Records from a dataset
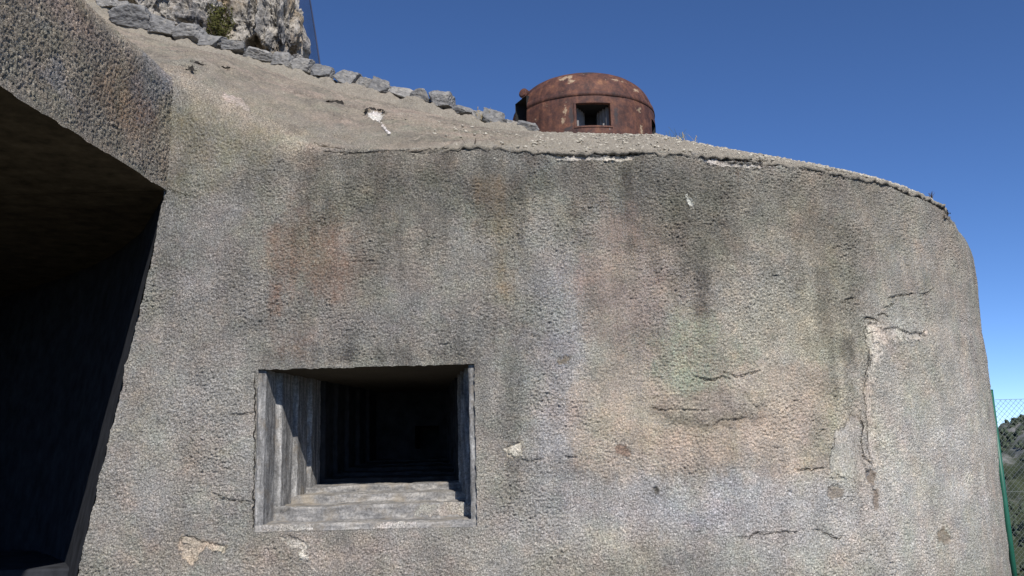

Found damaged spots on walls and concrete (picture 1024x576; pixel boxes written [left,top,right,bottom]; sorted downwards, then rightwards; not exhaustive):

spalling [367,111,391,134]
crack [326,146,466,154]
crack [842,289,934,381]
flaking render [861,321,927,509]
spalling [178,533,228,565]

_Directions:_ Omit every picture, and otherwise quote the entries exactly.

_Written solution:_
Found damaged spots on walls and concrete (picture 1024x576; pixel boxes written [left,top,right,bottom]; sorted downwards, then rightwards; not exhaustive):

spalling [367,111,391,134]
crack [326,146,466,154]
crack [842,289,934,381]
flaking render [861,321,927,509]
spalling [178,533,228,565]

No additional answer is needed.